While I concede it’s possible to spend too much time thinking about what we eat to the point that overthinking eating, like overthinking anything, can be a self-destructive neurosis, I disagree with the claim that thinking about eating is a waste of time.
Critical thinking means questioning habits rather than mindlessly accepting the habits and routines we engage in that define our existence. If we are eating inferior food, we are likely suffering in terms of mental and physical performance, success goals, and personal identity. A life of fast food, Funyuns, and Fanta is a life of depression, destitution, and crapulence.
To blindly succumb to mindless eating and to “get punk fed” is a form of debasement and humiliation.
In contrast, to question one’s eating habits and replace any bad habits by embracing food literacy is to fight back against the current of mindless eating.
Fighting back with the knowledge of food literacy is a form of self-preservation and self-agency that is a predictor of success and high self-confidence.
Resisting food nihilism, the belief that it doesn’t matter what we eat because we’re all doomed to being imprisoned by our Set-Point, is to express the kind of critical thinking that we don’t just merely apply to eating but to all endeavors. Therefore, to reject mindless eating and to critically think about what kind of food we put into our bodies is a crucial part of a healthy self-identity, success, and confidence.
Is the following sample essay, which takes some rather strident aim at Harriet Brown, fair?
Selective Despair
Harriet Brown laments that dieting is so confusing with so many conflicting theories from supposed experts and that the human body is inclined to not lose weight but rebel against all weight-loss programs. Further, she complains that the diet and medical industry are rife with grifters and charlatans who are profit-centered and could care less about our health. To add to our despair, Brown includes a diatribe on unrealistic media images of the human body, which inevitably lead to low self-esteem and body dysmorphia. Brown’s lamentation is, I’m sad to say, a smokescreen for learned helplessness and dietary nihilism. In fact, living a strong, healthy life requires hard work, getting the right facts, and having realistic expectations. Rather than point us in the direction of common sense and struggling for our health, Brown pushes us toward dietary despair.

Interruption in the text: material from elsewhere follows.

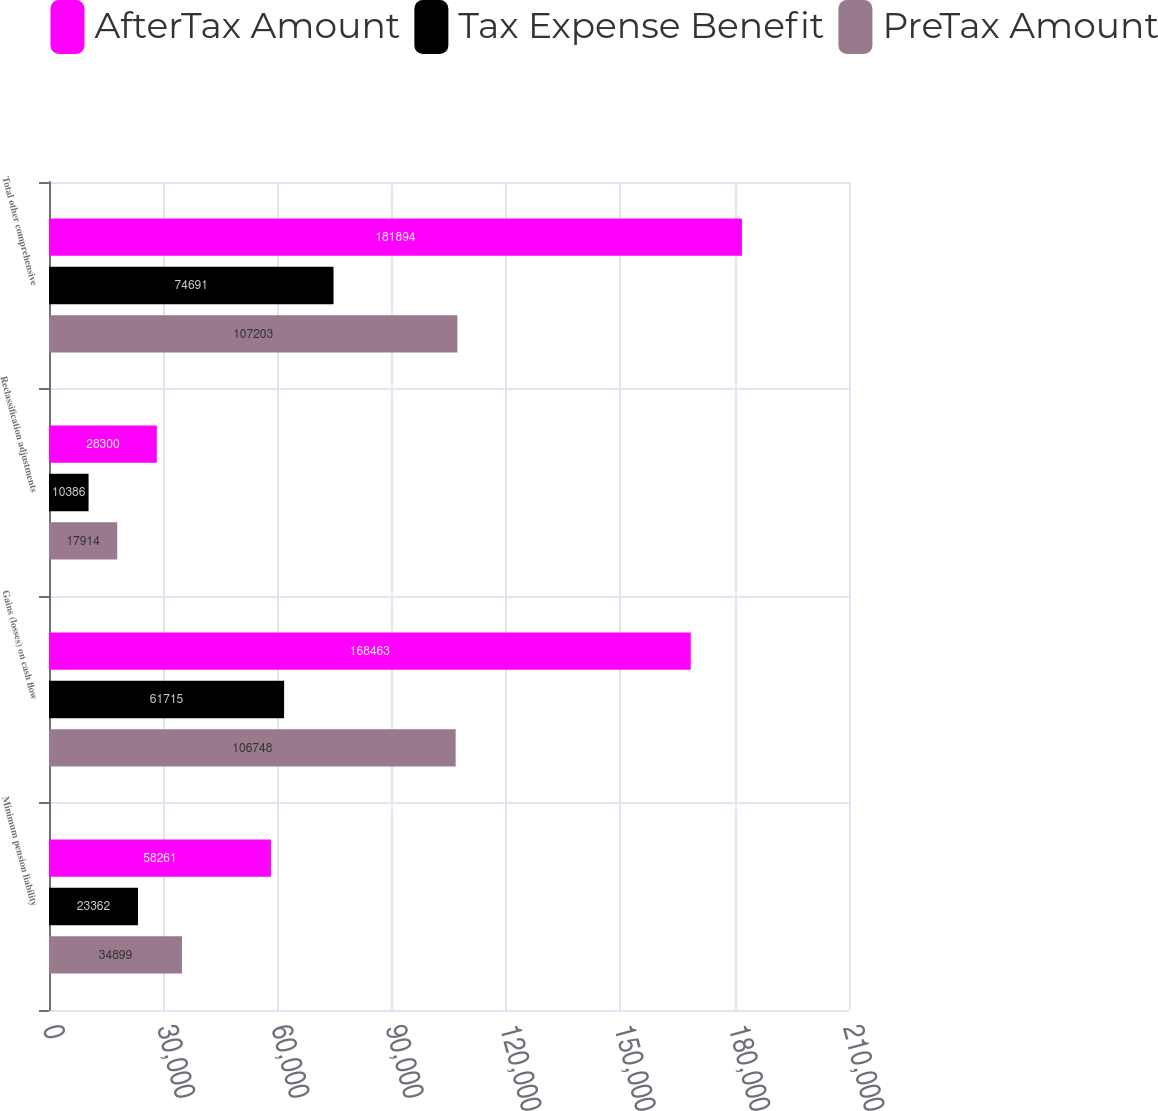Convert chart. <chart><loc_0><loc_0><loc_500><loc_500><stacked_bar_chart><ecel><fcel>Minimum pension liability<fcel>Gains (losses) on cash flow<fcel>Reclassification adjustments<fcel>Total other comprehensive<nl><fcel>AfterTax Amount<fcel>58261<fcel>168463<fcel>28300<fcel>181894<nl><fcel>Tax Expense Benefit<fcel>23362<fcel>61715<fcel>10386<fcel>74691<nl><fcel>PreTax Amount<fcel>34899<fcel>106748<fcel>17914<fcel>107203<nl></chart> 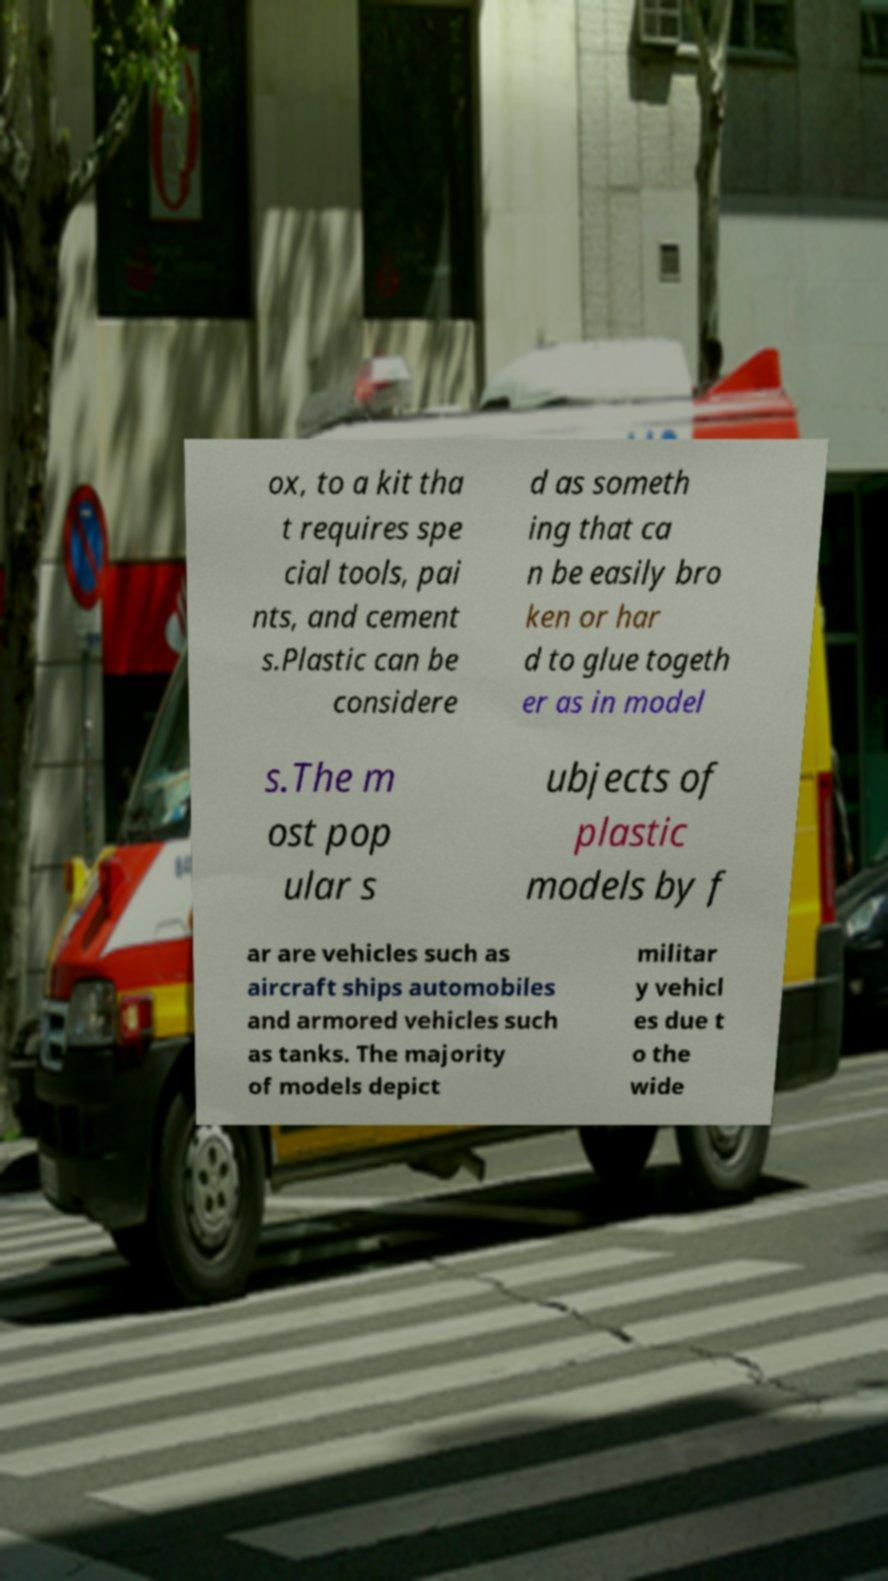Could you assist in decoding the text presented in this image and type it out clearly? ox, to a kit tha t requires spe cial tools, pai nts, and cement s.Plastic can be considere d as someth ing that ca n be easily bro ken or har d to glue togeth er as in model s.The m ost pop ular s ubjects of plastic models by f ar are vehicles such as aircraft ships automobiles and armored vehicles such as tanks. The majority of models depict militar y vehicl es due t o the wide

Just as Chris Rock points out the inconsistency of cowardly anger in his Netflix comedy special “Selective Outrage,” I would like to point out Harriet Brown’s inconsistency in an essay titled “Selective Despair.” Why would anyone choose to despair when it comes to dieting? Is not such despair a rationale for throwing care to the wind and eating everything? It seems Brown is doing just that. However, Brown doesn’t choose despair in other areas of her life. She has a college degree. Yet going to college is fraught with challenges--the cost, the lack of certainty of majoring in the “right” major; the lack of any certainty that the college graduate will land a job that will pay for the student debt. Nevertheless, in spite of these obstacles, Brown did not despair. She struggled through college and found success as a journalism professor and as a magazine writer.
Take marriage. Brown is married, yet the statistics for divorce are terrifying. Almost half of all marriages in the United States end in divorce, which eviscerates people emotionally and financially. The risk is so high. The cost is even higher. Yet Brown forged ahead and got married and seems to be doing fine.
The point is that Brown worked hard in college to make her education give her rewards. The same is true of her marriage. She works at making her marriage work and by all accounts, she and her husband are in a loving functional marriage.
Why does she reserve “being confused,” lost, and overwhelmed when it comes to dieting but not when it comes to education and marriage? Could it be that she chooses to be confused and overwhelmed by dieting because she doesn’t want eating boundaries, yet she is content exercising discipline and free agency in her career and marriage?
It seems we play the Despair Card when we want to play it. If our agenda is to eat as we please, then perhaps we’ll argue that dieting in pursuit of health is a fool’s errand. But the real fool’s errand is selective despair.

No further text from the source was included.